With the aid of probability theory and Monte Carlo simulations , collecting strategies can be optimized in order to fill the scrapbook as cheaply as possible. A solution was found for an optimized collection strategy based on changed, practice-relevant assumptions.

The scrapbook problem is one of the few math problems that is regularly reported and discussed in the mass media due to the popularity of soccer scrapbooks.

history

Historical ice hockey collection picture

Collective pictures have a long tradition, as early as the 19th century there were collective pictures as product additions e.g. B. with chocolate or cigarettes. One variant was that coupons had to be collected and the collector received a bonus after sending in a complete series. In the 1930s, pictures of movie or sports stars appeared on the inside of the lids of ice cream packs. But there were also other collectibles early on, e.g. B. buttons or figures in cereal boxes. It was not until the 1960s that scrapbooks became increasingly established in which the pictures were sold concealed in bags or packages, i.e. H. without the collector knowing which pictures he is receiving. With the introduction of football collector's albums , promoted by the Panini company , collecting became a mass phenomenon, especially at world and European championships. In the meantime, scrapbooks for standard merchandising items, e.g. B. for movies.

The basic combinatorial considerations go back to Markow . The concrete mathematical treatment began in 1930 with George Pólya , who presented the problem from the manufacturer's point of view: “Each package of our goods contains two different flower images; the full collection includes 72 different flower pictures; Anyone who collects and sends in a full collection will receive a free bonus. The salesperson who advertises this must reasonably ask himself: What is the average number of packs sold per premium? ”This work therefore coined the name as Coupon Collector's Problem . Sometimes it was also referred to as the Dixie Cup Problem (after the ice cream cups, which were named Dixie Cup after the manufacturer). Starting with William Feller's standard work on probability theory, numerous mathematicians have dealt with the problem of collecting pictures. As a result, the collective picture problem has established itself as a classic mathematical problem.
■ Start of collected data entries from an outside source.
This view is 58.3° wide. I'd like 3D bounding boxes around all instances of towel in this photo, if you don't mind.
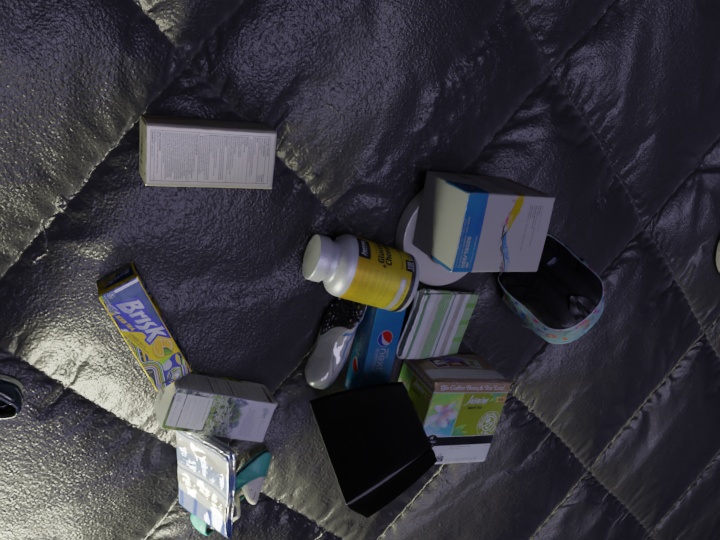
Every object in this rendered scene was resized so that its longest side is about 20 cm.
[{"bbox_3d":[0.158,0.108,1.324,0.198,0.031,0.152,4,111,-49],"label":"towel"},{"bbox_3d":[-0.284,0.378,1.174,0.024,0.145,0.204,-29,132,-51],"label":"towel"}]

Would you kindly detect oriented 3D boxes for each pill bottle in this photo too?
[{"bbox_3d":[0.000,0.000,1.168,0.197,0.112,0.114,16,104,-25],"label":"pill bottle"}]

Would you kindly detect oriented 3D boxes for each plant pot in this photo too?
[{"bbox_3d":[0.037,0.323,1.216,0.175,0.202,0.200,-24,152,1],"label":"plant pot"}]

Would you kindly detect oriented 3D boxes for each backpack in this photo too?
[{"bbox_3d":[0.405,0.051,1.353,0.177,0.200,0.151,-40,143,-7],"label":"backpack"}]

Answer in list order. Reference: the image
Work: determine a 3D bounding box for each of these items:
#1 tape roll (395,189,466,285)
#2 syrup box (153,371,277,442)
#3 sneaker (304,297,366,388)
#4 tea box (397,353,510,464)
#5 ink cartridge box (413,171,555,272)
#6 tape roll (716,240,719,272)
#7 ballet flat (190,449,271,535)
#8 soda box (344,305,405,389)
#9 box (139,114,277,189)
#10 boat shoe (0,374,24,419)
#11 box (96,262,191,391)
[{"bbox_3d":[0.162,-0.070,1.272,0.199,0.037,0.207,-11,116,-23],"label":"tape roll"},{"bbox_3d":[-0.258,0.242,1.161,0.197,0.081,0.080,17,101,-32],"label":"syrup box"},{"bbox_3d":[-0.045,0.132,1.242,0.203,0.071,0.072,-63,162,0],"label":"sneaker"},{"bbox_3d":[0.182,0.291,1.378,0.197,0.133,0.201,5,108,-28],"label":"tea box"},{"bbox_3d":[0.225,-0.088,1.185,0.196,0.147,0.148,0,111,-26],"label":"ink cartridge box"},{"bbox_3d":[1.024,-0.067,1.706,0.199,0.037,0.207,-10,115,-23],"label":"tape roll"},{"bbox_3d":[-0.239,0.440,1.259,0.199,0.071,0.068,-40,153,-5],"label":"ballet flat"},{"bbox_3d":[0.028,0.155,1.281,0.067,0.064,0.204,3,110,-27],"label":"soda box"},{"bbox_3d":[-0.234,-0.181,0.995,0.196,0.078,0.097,-1,112,-27],"label":"box"},{"bbox_3d":[-0.613,0.186,0.967,0.198,0.062,0.076,22,102,-32],"label":"boat shoe"},{"bbox_3d":[-0.353,0.094,1.060,0.069,0.064,0.203,-28,120,-14],"label":"box"}]

Sometimes the task is also referred to as the “collector's picture paradox”, because a surprising number of pictures are required to complete the album without swapping or buying. For Pólya's flower picture collection you have to collect an average of 174 parcels, i.e. 348 flower pictures (with only 72 different pictures), for the scrapbook for the European Football Championship 2016 you need as many as 4828 pictures (with 680 different pictures) - apparently the ratio of the average required increases Images to the number of different images stronger than linear.

The classic picture collection problem

The classic problem of collecting pictures raises the question of how many pictures a single collector has to buy on average in order to get a complete series of pictures if he foregoes swapping and buying and buys each picture individually. Pólya had already defined the classic task and justified it as follows: “Buyers exchange their pictures or throw them away, the seller can withhold a picture, etc. As you can see, failure to meet the requirements can favor both one and the other party and that's why the calculation of the average number under the aforementioned conditions seems to me to have a certain value, at least as a first orientation ”.

Assumptions

The following assumptions are made in the classic collective picture problem:

A1: The images are mixed well during production, that is, they are randomly distributed among the packages.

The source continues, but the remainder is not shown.